Thread overview
Detecting at compile time if a string is zero terminated
Jan 19, 2011
Johannes Pfau
Jan 19, 2011
Jesse Phillips
Jan 20, 2011
Johannes Pfau
Jan 20, 2011
Jesse Phillips
January 19, 2011
Hi,
I'm currently writing a small wrapper layer for gettext. My current
getText template looks like this:

----------------------------------------------------
string getText()(string msgid, string domain = null, Category cat =
Category.Messages) {
    auto cmsg = toStringz(msgid);
    auto nmsg = dcgettext(domain ? toStringz(domain) : null,
              cmsg, cat);
    if(cmsg == nmsg)
        return msgid;
    else
    {
        string nstr = cast(string)nmsg[0 .. strlen(nmsg)];
        return nstr;
    }
}

string getText(string msgid, string domain = null, Category cat =
Category.Messages)() {
    auto nmsg = dcgettext(domain ? domain.ptr : null,
              msgid.ptr, cat);
    if(msgid.ptr == nmsg)
        return msgid;
    else
    {
        string nstr = cast(string)nmsg[0 .. strlen(nmsg)];
        return nstr;
    }
}
----------------------------------------------------

As string literals in D are zero terminated, there's no need
for the toStringz overhead. The overload taking compile time
parameters takes advantage of that. The code works and can be used like
this:
----------------------------------------------------
    writeln(getText!"Hello World!"); //no toStringz
    writeln(getText("Hello World!")); //toStringz
----------------------------------------------------

But if somehow possible I'd like to merge the templates so that there is only one way to call getText and the fastest way is chosen automatically.

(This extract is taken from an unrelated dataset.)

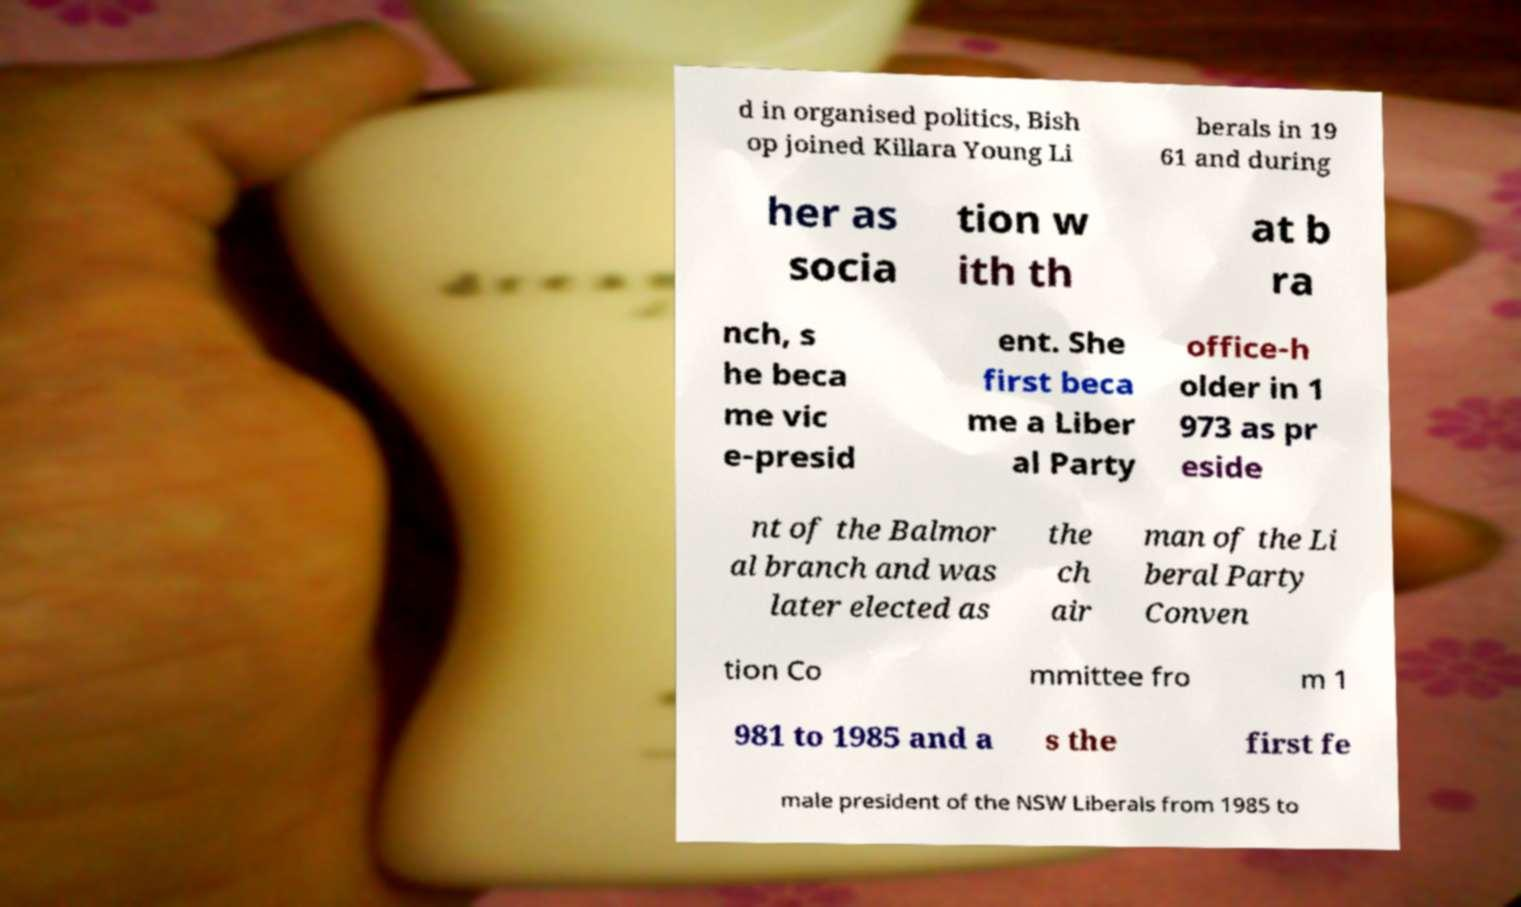There's text embedded in this image that I need extracted. Can you transcribe it verbatim? d in organised politics, Bish op joined Killara Young Li berals in 19 61 and during her as socia tion w ith th at b ra nch, s he beca me vic e-presid ent. She first beca me a Liber al Party office-h older in 1 973 as pr eside nt of the Balmor al branch and was later elected as the ch air man of the Li beral Party Conven tion Co mmittee fro m 1 981 to 1985 and a s the first fe male president of the NSW Liberals from 1985 to

Does anyone know how to do that?
-- 
Johannes Pfau


January 19, 2011
First off no. Second, is their really going to be a performance gain from this. I wouldn't expect static strings to be converted very often. And last I will copy and past a comment from the source code:

198 	    /+ Unfortunately, this isn't reliable.
199 	     We could make this work if string literals are put
200 	     in read-only memory and we test if s[] is pointing into
201 	     that.
202
203 	     /* Peek past end of s[], if it's 0, no conversion necessary.
204 	     * Note that the compiler will put a 0 past the end of static
205 	     * strings, and the storage allocator will put a 0 past the end
206 	     * of newly allocated char[]'s.
207 	     */
208 	     char* p = &s[0] + s.length;
209 	     if (*p == 0)
210 	     return s;
211 	     +/
January 20, 2011
Jesse Phillips wrote:
>First off no. Second, is their really going to be a performance gain from this. I wouldn't expect static strings to be converted very often. And last I will copy and past a comment from the source code:

Thanks for your reply.
In case you don't know: gettext is used to translate strings.
You call gettext("english string") and it returns the translated
string. Gettext might be the only corner case, but the strings gettext
returns are usually not cached and big projects could translate many
strings, so I thought it could be an issue. But maybe I'm
overestimating that.
I had a look at the source code of toStringz and found the comment you
mentioned. The comment is for toStringz(const(char)[] s)
toStringz(string s) is even more interesting in this case as it does do
that optimization in most cases. I think that's good enough ;-)

-- 
Johannes Pfau


January 20, 2011
I would bet that you'd end up spending more time translating the string then copying it.

Didn't think to look at what type the function accepted. I figured that any such optimization would exist inside of toStringz if it was possible.